W tym opracowaniu znajdowały się też kompletne i szczegółowe dane, dotyczące przedstawicielstw watykańskich na całym świecie, a także przedstawicielstw państw akredytowanych przy Stolicy Apostolskiej. Oczywiście, wśród wielu widniał też i adres polskiej Misji, a także adres mojego rzymskiego mieszkania i numer telefonu.

Można tam też znaleźć niezbędne dane dotyczące zakonów, tak męskich, jak i żeńskich, ze szczególnym uwzględnieniem domów generalnych. To samo dotyczyło również wszystkich biskupów, którzy w danym roku sprawowali swoje funkcje w diecezjach całego świata. Nie muszę specjalnie podkreślać, że umiałem spożytkować to, co tam się znajdowało, bo stanowiło ono niezwykłe ułatwienie w mojej pracy.

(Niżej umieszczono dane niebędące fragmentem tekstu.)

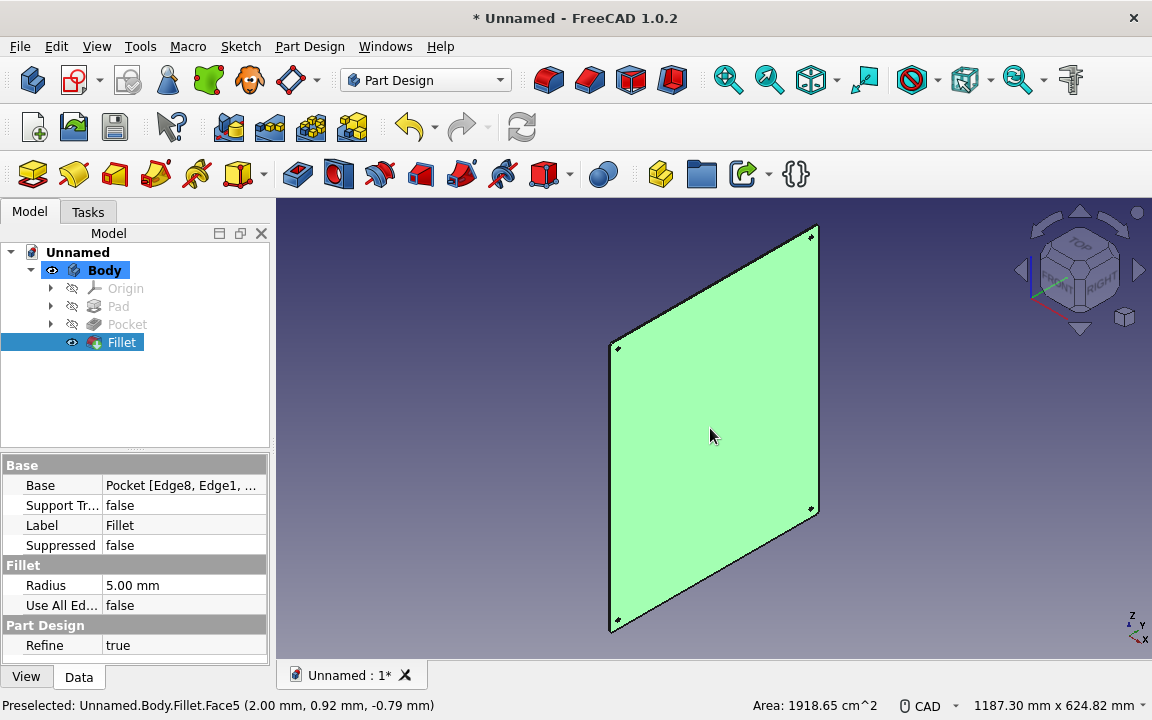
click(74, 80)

W porównaniu z tym, co było, gdy chodzi o trudność w zdobyciu podobnego rodzaju przewodnika, w odniesieniu do struktur Kościoła w Polsce, to sytuacja w Rzymie była sielanką. I to nie puste słowa. Jest to stwierdzenie naprawdę zasadne! Porównując wzajemnie obie sytuacje nie trudno było dojść do wniosku, że Kościół w Polsce przedstawiał się jako zamknięta od wewnątrz twierdza, a Stolica Apostolska była strukturą otwartą w sposób wręcz niewiarygodny, ale przecież słuszny i uzasadniony. Chodzi o to, że prowadzenie zamkniętej, limitowanej polityki informacyjnej nie prowadziłoby do zakładanego celu, jakim jest powszechna ewangelizacja. Kwestie doktrynalne muszą być znane wiernym w jak najszerszym zakresie. O to mi chodziło.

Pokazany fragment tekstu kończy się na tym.